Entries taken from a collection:
------------------------------------------------------------------------

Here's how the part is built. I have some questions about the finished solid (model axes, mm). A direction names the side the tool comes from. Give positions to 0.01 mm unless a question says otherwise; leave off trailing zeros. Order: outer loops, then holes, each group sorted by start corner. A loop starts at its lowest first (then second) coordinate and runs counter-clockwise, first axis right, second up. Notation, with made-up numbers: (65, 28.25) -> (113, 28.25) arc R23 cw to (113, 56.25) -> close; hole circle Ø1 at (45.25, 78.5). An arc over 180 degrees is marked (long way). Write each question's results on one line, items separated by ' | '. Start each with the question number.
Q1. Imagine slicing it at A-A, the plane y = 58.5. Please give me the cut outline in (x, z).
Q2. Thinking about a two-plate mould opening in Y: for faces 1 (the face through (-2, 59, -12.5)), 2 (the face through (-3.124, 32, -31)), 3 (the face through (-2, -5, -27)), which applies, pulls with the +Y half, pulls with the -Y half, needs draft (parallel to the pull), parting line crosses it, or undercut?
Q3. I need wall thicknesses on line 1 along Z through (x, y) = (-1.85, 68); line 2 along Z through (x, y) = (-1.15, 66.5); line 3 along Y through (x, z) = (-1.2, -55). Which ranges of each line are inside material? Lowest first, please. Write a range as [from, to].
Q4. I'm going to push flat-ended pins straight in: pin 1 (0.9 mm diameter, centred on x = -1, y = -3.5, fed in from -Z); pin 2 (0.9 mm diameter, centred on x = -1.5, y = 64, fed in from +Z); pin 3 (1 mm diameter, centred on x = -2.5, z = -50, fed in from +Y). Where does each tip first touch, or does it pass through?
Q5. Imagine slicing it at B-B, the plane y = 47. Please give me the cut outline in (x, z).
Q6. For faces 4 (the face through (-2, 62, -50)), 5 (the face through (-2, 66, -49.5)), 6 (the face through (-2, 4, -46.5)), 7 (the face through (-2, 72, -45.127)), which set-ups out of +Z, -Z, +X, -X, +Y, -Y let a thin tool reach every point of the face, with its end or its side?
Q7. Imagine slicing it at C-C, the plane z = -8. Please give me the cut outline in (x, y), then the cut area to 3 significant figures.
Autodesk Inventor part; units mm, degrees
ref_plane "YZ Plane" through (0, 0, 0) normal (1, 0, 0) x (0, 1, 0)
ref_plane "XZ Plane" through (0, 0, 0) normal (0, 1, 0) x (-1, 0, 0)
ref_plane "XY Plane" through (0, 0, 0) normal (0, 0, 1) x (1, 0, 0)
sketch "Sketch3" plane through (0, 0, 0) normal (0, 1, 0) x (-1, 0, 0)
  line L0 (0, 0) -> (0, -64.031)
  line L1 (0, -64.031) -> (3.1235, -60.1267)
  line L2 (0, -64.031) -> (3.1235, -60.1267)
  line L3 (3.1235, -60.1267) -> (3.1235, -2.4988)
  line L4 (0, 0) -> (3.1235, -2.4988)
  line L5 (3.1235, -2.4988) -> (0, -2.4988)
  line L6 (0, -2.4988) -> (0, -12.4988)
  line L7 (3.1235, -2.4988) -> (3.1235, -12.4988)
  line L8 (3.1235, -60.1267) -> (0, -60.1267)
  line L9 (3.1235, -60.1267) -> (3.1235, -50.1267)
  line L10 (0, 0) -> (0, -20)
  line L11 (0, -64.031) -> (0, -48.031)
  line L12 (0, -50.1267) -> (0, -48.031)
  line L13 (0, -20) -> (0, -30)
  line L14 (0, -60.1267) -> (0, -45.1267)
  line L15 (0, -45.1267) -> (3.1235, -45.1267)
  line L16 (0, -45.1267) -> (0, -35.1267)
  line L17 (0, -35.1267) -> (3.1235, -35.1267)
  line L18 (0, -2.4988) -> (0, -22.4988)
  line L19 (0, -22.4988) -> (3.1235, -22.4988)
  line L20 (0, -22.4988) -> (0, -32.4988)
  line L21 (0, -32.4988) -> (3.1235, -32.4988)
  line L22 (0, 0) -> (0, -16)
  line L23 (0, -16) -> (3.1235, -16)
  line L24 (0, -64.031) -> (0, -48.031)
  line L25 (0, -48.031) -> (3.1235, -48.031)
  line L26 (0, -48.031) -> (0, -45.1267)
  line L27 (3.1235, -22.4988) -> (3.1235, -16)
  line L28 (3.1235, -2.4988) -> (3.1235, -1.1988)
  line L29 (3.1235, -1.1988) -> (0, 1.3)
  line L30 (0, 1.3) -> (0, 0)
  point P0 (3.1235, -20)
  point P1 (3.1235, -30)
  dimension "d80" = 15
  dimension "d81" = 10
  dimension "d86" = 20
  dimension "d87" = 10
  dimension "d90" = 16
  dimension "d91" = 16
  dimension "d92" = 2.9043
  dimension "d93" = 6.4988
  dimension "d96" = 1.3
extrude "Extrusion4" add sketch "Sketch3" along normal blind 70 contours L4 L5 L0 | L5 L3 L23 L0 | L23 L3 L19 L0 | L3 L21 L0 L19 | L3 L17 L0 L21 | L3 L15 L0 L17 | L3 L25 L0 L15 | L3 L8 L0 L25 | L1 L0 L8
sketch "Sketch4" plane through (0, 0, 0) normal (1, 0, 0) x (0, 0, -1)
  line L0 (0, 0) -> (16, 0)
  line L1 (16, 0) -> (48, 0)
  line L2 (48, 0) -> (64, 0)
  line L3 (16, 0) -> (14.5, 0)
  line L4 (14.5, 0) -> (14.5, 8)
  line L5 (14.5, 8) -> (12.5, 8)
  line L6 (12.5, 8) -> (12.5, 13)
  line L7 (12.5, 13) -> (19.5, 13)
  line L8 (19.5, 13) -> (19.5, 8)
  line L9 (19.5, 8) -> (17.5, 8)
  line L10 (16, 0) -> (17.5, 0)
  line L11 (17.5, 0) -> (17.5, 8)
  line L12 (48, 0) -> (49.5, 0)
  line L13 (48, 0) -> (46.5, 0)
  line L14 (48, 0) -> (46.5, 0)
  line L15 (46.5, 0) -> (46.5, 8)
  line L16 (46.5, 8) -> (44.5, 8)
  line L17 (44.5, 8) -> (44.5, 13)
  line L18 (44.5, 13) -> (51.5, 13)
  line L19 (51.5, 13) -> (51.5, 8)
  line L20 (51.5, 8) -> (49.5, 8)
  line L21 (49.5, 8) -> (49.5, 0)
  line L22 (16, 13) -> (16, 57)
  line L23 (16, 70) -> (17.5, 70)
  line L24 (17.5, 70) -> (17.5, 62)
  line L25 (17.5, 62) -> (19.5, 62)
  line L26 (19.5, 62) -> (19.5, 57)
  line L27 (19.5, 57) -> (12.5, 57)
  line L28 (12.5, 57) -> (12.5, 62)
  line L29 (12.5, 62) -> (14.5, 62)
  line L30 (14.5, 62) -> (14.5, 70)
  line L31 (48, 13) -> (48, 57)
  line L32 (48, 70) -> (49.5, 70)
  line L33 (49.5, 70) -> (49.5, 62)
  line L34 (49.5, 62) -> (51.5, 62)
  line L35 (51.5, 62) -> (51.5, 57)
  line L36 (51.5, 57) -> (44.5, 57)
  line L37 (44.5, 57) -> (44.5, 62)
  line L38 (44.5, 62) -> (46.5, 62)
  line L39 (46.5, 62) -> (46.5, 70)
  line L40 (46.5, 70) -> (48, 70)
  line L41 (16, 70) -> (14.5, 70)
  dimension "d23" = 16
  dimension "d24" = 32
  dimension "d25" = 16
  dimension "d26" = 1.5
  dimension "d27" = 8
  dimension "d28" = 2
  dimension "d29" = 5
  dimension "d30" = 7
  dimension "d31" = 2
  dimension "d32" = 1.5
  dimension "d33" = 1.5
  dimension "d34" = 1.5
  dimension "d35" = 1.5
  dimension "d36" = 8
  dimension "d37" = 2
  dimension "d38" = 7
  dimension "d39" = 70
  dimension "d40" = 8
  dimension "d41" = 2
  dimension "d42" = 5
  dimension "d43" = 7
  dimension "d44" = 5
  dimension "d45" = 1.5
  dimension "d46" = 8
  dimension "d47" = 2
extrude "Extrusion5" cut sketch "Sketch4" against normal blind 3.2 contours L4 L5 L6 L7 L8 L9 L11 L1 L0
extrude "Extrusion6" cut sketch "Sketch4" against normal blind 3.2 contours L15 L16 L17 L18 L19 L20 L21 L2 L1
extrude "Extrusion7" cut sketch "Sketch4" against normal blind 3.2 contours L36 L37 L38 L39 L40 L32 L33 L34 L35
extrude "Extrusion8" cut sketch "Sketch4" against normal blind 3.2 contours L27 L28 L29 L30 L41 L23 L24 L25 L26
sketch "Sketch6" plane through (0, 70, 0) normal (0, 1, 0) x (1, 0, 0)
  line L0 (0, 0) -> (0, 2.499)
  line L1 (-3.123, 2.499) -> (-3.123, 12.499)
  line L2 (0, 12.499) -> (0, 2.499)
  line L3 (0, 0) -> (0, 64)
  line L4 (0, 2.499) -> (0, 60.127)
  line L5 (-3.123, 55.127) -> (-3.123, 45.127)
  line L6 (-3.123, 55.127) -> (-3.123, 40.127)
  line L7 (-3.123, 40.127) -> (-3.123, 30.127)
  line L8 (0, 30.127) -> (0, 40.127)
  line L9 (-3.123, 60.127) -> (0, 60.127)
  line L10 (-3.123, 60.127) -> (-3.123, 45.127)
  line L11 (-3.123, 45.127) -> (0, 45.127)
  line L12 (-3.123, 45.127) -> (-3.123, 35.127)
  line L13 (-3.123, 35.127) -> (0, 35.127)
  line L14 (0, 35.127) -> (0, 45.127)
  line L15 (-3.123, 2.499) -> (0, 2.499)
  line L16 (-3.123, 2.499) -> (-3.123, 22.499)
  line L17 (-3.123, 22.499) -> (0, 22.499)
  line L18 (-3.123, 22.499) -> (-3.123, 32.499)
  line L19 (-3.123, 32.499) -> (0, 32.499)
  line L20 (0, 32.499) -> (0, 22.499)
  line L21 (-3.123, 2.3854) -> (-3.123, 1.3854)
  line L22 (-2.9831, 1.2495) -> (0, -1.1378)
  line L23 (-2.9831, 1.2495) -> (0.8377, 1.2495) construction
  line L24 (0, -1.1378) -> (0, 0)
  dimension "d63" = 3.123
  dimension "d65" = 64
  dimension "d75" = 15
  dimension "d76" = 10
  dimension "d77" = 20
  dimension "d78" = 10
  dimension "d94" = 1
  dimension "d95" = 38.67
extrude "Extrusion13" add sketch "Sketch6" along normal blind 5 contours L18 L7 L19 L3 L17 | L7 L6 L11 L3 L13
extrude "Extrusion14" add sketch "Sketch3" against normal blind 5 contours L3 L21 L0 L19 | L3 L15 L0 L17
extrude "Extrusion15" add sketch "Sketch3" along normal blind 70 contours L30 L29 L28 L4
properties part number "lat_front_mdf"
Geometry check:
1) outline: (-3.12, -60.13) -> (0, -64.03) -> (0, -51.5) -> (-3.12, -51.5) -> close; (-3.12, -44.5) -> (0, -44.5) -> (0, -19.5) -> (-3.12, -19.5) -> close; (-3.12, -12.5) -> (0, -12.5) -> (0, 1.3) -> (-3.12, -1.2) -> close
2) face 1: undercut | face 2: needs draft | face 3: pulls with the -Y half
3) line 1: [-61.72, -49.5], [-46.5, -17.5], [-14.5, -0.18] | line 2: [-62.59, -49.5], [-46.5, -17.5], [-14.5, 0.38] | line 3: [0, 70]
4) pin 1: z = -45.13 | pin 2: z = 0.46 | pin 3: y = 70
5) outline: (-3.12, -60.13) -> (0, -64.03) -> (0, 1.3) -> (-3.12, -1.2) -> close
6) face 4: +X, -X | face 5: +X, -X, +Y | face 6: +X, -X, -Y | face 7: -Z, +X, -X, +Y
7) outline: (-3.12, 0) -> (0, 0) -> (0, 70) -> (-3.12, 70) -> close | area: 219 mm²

------------------------------------------------------------------------

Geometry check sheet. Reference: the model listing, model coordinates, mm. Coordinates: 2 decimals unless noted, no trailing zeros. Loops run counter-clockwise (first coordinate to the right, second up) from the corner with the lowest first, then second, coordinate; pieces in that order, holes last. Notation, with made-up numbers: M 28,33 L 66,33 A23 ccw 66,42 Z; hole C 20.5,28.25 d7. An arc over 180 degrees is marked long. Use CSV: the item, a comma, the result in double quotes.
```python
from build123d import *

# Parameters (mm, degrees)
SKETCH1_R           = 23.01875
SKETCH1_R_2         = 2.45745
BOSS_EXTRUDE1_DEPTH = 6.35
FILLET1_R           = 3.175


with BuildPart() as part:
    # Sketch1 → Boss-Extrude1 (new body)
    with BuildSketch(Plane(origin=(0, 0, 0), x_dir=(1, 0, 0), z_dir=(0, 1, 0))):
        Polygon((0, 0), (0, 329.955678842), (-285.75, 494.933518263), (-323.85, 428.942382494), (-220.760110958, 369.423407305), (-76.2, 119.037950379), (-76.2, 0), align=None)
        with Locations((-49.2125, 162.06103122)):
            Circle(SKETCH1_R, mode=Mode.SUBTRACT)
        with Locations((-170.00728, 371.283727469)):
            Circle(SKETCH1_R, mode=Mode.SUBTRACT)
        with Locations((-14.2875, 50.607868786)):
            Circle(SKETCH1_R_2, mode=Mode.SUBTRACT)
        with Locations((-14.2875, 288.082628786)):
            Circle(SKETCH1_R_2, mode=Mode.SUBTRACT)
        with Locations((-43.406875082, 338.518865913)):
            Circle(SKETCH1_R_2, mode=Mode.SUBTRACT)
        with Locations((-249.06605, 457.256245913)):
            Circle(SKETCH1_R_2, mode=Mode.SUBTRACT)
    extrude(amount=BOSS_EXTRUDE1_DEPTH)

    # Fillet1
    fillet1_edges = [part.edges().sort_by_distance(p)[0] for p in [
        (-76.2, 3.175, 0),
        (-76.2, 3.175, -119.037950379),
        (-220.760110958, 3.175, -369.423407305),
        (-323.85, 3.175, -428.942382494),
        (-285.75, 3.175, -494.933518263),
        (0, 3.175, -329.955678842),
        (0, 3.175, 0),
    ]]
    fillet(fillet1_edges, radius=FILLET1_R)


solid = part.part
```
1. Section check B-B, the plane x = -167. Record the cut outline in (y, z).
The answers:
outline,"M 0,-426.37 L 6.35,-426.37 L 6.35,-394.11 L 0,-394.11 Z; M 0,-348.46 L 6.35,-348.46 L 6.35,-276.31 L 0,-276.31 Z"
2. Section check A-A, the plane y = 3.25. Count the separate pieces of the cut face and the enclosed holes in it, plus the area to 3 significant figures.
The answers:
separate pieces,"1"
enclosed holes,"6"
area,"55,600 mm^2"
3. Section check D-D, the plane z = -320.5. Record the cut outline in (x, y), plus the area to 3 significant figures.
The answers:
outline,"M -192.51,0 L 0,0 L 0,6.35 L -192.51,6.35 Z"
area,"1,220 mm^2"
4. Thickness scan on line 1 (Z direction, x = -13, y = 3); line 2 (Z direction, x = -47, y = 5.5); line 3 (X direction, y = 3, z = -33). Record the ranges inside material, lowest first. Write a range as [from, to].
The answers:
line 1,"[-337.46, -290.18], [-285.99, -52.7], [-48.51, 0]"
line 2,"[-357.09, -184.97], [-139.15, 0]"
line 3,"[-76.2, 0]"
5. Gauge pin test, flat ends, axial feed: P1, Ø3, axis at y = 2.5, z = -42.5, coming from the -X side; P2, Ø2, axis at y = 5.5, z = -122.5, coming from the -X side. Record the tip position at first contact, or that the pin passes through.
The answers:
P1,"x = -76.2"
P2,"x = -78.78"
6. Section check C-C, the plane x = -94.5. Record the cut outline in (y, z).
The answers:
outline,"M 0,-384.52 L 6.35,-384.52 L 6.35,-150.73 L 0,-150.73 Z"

------------------------------------------------------------------------

Work required:
Of the entries above, repeat exactly the lines from the line with "line L20 (0, -22.4988) -> (0, -32.4988)" through the line with "line L22 (16, 13) -> (16, 57)", both of them included.

Finished task:
  line L20 (0, -22.4988) -> (0, -32.4988)
  line L21 (0, -32.4988) -> (3.1235, -32.4988)
  line L22 (0, 0) -> (0, -16)
  line L23 (0, -16) -> (3.1235, -16)
  line L24 (0, -64.031) -> (0, -48.031)
  line L25 (0, -48.031) -> (3.1235, -48.031)
  line L26 (0, -48.031) -> (0, -45.1267)
  line L27 (3.1235, -22.4988) -> (3.1235, -16)
  line L28 (3.1235, -2.4988) -> (3.1235, -1.1988)
  line L29 (3.1235, -1.1988) -> (0, 1.3)
  line L30 (0, 1.3) -> (0, 0)
  point P0 (3.1235, -20)
  point P1 (3.1235, -30)
  dimension "d80" = 15
  dimension "d81" = 10
  dimension "d86" = 20
  dimension "d87" = 10
  dimension "d90" = 16
  dimension "d91" = 16
  dimension "d92" = 2.9043
  dimension "d93" = 6.4988
  dimension "d96" = 1.3
extrude "Extrusion4" add sketch "Sketch3" along normal blind 70 contours L4 L5 L0 | L5 L3 L23 L0 | L23 L3 L19 L0 | L3 L21 L0 L19 | L3 L17 L0 L21 | L3 L15 L0 L17 | L3 L25 L0 L15 | L3 L8 L0 L25 | L1 L0 L8
sketch "Sketch4" plane through (0, 0, 0) normal (1, 0, 0) x (0, 0, -1)
  line L0 (0, 0) -> (16, 0)
  line L1 (16, 0) -> (48, 0)
  line L2 (48, 0) -> (64, 0)
  line L3 (16, 0) -> (14.5, 0)
  line L4 (14.5, 0) -> (14.5, 8)
  line L5 (14.5, 8) -> (12.5, 8)
  line L6 (12.5, 8) -> (12.5, 13)
  line L7 (12.5, 13) -> (19.5, 13)
  line L8 (19.5, 13) -> (19.5, 8)
  line L9 (19.5, 8) -> (17.5, 8)
  line L10 (16, 0) -> (17.5, 0)
  line L11 (17.5, 0) -> (17.5, 8)
  line L12 (48, 0) -> (49.5, 0)
  line L13 (48, 0) -> (46.5, 0)
  line L14 (48, 0) -> (46.5, 0)
  line L15 (46.5, 0) -> (46.5, 8)
  line L16 (46.5, 8) -> (44.5, 8)
  line L17 (44.5, 8) -> (44.5, 13)
  line L18 (44.5, 13) -> (51.5, 13)
  line L19 (51.5, 13) -> (51.5, 8)
  line L20 (51.5, 8) -> (49.5, 8)
  line L21 (49.5, 8) -> (49.5, 0)
  line L22 (16, 13) -> (16, 57)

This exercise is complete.